::: Dataset entries :::
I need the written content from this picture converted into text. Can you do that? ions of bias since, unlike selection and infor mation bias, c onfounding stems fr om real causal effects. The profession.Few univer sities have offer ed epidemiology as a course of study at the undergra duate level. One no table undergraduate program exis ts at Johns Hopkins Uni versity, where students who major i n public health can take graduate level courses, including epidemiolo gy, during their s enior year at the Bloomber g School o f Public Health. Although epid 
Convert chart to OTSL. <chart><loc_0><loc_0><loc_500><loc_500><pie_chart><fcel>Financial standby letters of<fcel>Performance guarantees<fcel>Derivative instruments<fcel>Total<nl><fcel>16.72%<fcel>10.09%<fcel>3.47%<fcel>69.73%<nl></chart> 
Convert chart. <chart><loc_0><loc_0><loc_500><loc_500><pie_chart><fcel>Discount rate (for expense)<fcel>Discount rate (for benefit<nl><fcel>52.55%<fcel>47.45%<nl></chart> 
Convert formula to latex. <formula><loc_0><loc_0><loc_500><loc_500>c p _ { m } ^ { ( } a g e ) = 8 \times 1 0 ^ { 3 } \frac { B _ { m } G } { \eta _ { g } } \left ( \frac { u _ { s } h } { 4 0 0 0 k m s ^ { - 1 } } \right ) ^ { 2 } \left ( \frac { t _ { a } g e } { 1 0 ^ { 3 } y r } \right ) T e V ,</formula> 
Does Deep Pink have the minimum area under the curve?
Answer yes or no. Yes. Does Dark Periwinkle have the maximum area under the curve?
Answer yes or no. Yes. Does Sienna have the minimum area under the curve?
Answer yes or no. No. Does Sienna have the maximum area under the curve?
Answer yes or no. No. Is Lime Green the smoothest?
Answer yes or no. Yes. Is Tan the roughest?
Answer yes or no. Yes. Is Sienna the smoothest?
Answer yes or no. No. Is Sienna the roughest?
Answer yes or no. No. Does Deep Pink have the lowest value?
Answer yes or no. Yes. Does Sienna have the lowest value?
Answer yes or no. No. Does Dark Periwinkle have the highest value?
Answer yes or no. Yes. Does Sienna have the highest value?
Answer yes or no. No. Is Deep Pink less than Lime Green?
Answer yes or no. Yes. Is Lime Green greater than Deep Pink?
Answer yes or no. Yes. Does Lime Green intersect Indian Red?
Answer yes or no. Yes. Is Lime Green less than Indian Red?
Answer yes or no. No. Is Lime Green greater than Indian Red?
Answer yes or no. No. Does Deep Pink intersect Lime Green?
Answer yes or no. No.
:::
::: Dataset entries :::
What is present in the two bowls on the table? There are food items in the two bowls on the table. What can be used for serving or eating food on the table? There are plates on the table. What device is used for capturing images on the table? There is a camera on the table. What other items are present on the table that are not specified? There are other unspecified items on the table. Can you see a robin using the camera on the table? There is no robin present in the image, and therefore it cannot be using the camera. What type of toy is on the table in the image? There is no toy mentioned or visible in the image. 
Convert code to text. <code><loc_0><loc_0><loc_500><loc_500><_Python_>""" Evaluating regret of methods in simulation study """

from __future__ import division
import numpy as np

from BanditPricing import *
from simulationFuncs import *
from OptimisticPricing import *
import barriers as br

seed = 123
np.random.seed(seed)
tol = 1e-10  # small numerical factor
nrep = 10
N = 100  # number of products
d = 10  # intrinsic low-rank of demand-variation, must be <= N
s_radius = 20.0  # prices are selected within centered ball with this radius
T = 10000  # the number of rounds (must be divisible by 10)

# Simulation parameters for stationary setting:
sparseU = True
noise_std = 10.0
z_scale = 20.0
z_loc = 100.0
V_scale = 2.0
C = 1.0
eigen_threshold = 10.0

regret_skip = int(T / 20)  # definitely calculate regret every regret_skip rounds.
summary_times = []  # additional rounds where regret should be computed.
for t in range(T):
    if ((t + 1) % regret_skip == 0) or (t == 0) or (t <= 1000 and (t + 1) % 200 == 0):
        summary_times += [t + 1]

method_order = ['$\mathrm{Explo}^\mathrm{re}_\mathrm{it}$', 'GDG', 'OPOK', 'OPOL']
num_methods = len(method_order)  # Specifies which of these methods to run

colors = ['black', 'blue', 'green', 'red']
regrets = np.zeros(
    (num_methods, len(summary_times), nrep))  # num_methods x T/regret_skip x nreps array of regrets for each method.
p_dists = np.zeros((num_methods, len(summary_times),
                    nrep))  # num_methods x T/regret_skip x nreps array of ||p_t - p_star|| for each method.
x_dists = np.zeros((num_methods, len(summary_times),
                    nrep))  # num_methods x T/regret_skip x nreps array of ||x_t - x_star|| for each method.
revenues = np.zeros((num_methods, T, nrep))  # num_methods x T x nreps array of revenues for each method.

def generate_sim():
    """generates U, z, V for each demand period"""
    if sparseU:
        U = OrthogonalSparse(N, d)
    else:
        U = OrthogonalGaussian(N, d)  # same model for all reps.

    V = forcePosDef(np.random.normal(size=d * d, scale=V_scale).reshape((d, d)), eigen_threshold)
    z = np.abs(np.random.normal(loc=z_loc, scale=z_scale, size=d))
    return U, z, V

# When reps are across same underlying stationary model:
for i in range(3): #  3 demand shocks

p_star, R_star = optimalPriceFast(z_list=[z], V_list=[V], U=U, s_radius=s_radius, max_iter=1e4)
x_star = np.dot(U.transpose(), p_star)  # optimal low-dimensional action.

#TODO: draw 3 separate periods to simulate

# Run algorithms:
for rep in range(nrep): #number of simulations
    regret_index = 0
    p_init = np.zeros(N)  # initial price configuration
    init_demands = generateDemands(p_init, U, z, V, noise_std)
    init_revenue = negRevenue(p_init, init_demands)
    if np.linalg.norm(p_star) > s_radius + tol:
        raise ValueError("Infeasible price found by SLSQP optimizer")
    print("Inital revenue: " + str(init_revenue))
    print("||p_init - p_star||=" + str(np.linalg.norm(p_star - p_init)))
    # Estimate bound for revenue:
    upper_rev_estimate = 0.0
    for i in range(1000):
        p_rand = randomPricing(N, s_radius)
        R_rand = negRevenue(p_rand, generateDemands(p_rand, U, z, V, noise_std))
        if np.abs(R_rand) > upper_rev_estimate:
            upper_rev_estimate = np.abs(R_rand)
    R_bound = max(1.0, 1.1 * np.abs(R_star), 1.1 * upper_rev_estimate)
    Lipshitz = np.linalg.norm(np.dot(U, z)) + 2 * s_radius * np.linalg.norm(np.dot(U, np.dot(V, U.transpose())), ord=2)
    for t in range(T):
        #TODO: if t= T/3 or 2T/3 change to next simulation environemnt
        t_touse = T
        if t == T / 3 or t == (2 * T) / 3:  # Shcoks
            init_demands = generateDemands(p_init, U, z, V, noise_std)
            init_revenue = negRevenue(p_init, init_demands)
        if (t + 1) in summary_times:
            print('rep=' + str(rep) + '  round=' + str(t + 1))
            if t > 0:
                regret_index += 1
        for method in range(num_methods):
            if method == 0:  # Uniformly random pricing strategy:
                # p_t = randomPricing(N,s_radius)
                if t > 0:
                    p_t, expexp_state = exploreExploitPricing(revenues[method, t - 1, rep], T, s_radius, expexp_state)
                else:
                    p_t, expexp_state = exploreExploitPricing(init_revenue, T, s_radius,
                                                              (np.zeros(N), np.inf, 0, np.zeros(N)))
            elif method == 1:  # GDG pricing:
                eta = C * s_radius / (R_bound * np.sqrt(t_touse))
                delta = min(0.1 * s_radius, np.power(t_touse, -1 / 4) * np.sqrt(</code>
:::
::: Dataset entries :::
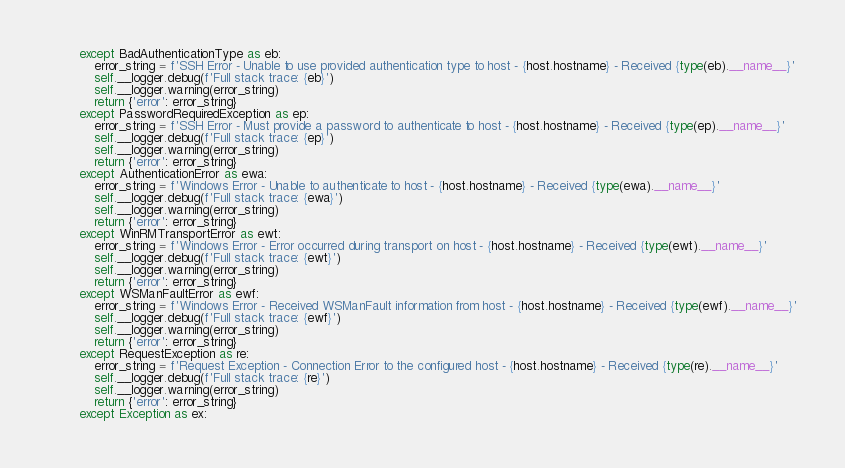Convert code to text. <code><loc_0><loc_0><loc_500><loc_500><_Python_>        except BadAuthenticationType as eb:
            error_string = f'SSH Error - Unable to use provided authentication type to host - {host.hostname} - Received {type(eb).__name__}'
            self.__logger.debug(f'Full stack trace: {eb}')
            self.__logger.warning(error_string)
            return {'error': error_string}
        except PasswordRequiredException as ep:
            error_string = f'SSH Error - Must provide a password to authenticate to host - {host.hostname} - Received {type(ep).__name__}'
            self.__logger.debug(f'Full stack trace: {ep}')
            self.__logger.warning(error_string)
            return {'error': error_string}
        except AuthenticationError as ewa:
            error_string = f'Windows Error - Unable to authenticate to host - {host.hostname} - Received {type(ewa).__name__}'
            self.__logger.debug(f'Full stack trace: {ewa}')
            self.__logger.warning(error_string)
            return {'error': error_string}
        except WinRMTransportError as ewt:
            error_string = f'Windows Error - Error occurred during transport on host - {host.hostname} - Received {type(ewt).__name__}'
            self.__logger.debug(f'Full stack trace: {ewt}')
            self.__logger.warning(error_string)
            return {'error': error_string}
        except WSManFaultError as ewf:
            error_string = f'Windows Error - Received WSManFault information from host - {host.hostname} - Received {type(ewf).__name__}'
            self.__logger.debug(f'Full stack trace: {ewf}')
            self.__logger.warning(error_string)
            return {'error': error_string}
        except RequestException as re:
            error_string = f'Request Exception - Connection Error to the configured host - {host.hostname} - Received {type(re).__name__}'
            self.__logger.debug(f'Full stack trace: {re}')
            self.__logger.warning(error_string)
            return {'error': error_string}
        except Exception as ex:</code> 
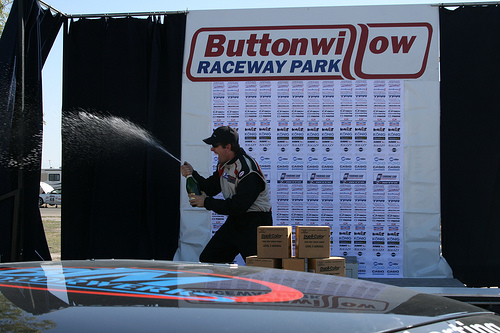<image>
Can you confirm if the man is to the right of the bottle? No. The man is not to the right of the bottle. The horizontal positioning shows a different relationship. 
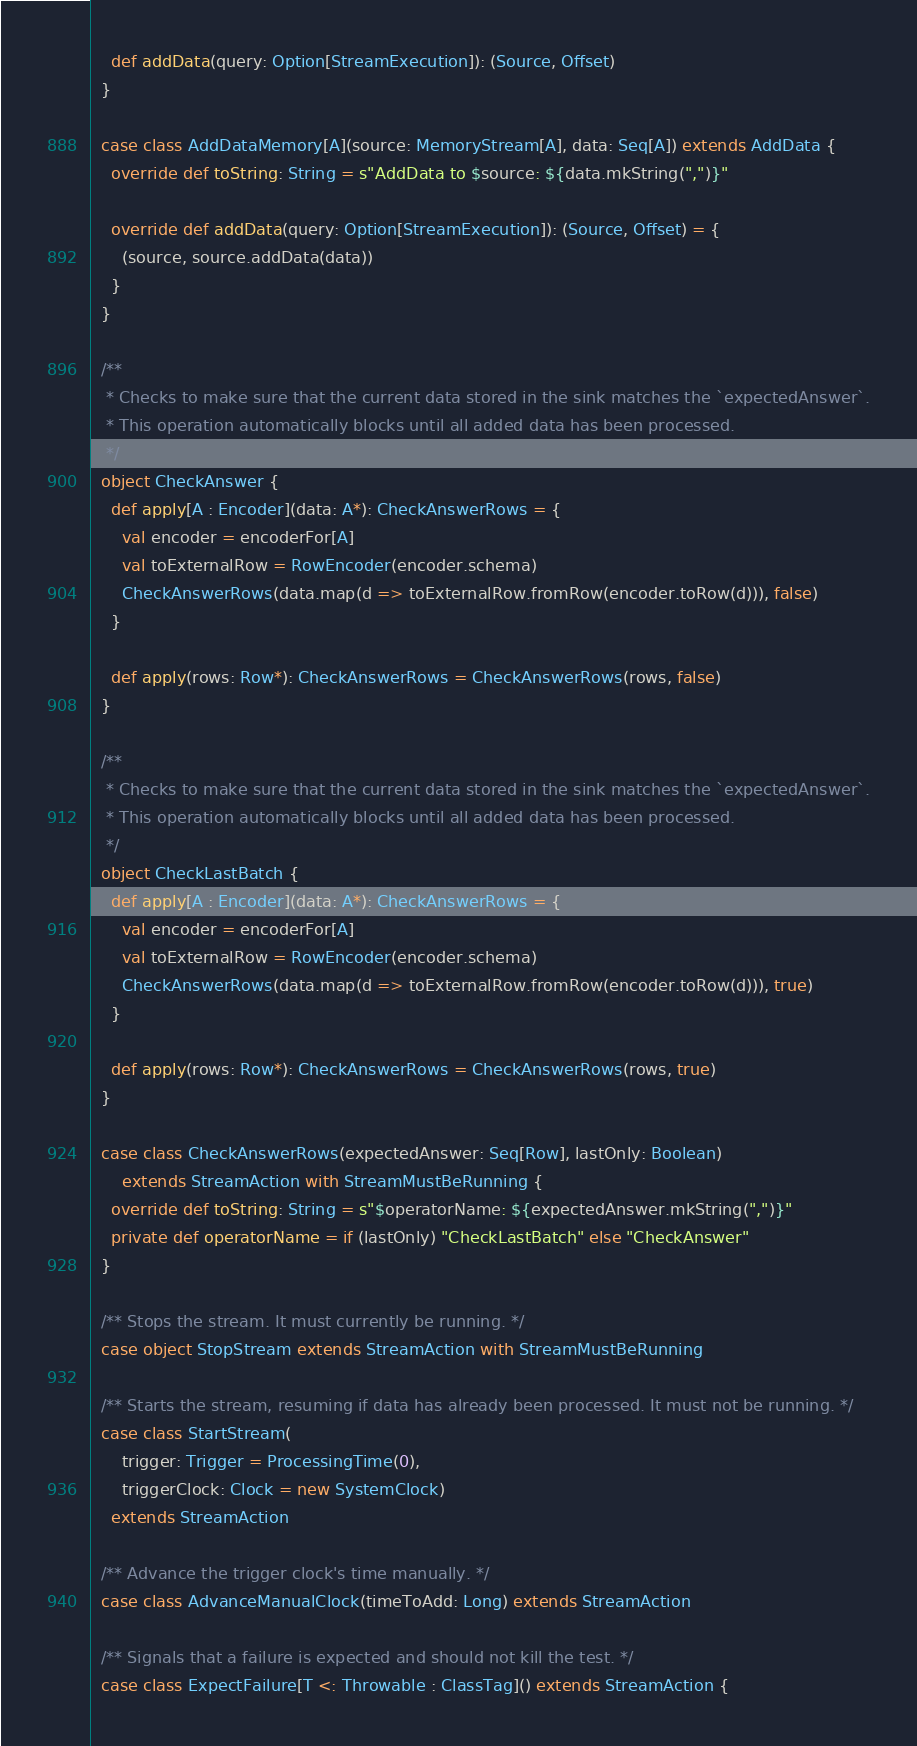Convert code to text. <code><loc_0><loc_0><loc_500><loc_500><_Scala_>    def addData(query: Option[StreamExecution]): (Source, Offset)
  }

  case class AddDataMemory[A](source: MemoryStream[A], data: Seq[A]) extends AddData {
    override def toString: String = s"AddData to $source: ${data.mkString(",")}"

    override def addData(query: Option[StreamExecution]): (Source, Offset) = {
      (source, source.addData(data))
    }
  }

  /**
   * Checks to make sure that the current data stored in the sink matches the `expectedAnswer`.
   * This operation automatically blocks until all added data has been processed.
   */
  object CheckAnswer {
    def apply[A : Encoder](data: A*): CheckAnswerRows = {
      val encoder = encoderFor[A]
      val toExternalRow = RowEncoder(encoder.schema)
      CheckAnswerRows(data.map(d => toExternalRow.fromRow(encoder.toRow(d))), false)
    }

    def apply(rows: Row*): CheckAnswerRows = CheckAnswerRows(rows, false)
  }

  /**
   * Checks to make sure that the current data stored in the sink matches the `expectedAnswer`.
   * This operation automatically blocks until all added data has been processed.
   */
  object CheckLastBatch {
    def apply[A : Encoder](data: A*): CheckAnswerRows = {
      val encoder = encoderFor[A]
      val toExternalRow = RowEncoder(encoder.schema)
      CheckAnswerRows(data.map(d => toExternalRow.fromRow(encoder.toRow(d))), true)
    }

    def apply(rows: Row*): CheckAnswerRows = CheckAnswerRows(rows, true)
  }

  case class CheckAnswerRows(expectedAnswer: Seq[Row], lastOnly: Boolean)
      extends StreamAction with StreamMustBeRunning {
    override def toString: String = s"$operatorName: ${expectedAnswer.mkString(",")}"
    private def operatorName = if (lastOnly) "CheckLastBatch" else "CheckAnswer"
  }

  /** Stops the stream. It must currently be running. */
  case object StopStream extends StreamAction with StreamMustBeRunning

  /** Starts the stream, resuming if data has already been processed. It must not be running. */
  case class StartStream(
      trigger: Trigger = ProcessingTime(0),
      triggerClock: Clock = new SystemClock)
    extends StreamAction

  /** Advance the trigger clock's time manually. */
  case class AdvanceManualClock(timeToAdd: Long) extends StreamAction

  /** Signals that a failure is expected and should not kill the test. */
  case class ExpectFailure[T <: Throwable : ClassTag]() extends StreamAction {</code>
:::
## Work order
Please find every line in the records that contains the word "nreps", and copy it out.

## Output of the task
    (num_methods, len(summary_times), nrep))  # num_methods x T/regret_skip x nreps array of regrets for each method.
                    nrep))  # num_methods x T/regret_skip x nreps array of ||p_t - p_star|| for each method.
                    nrep))  # num_methods x T/regret_skip x nreps array of ||x_t - x_star|| for each method.
revenues = np.zeros((num_methods, T, nrep))  # num_methods x T x nreps array of revenues for each method.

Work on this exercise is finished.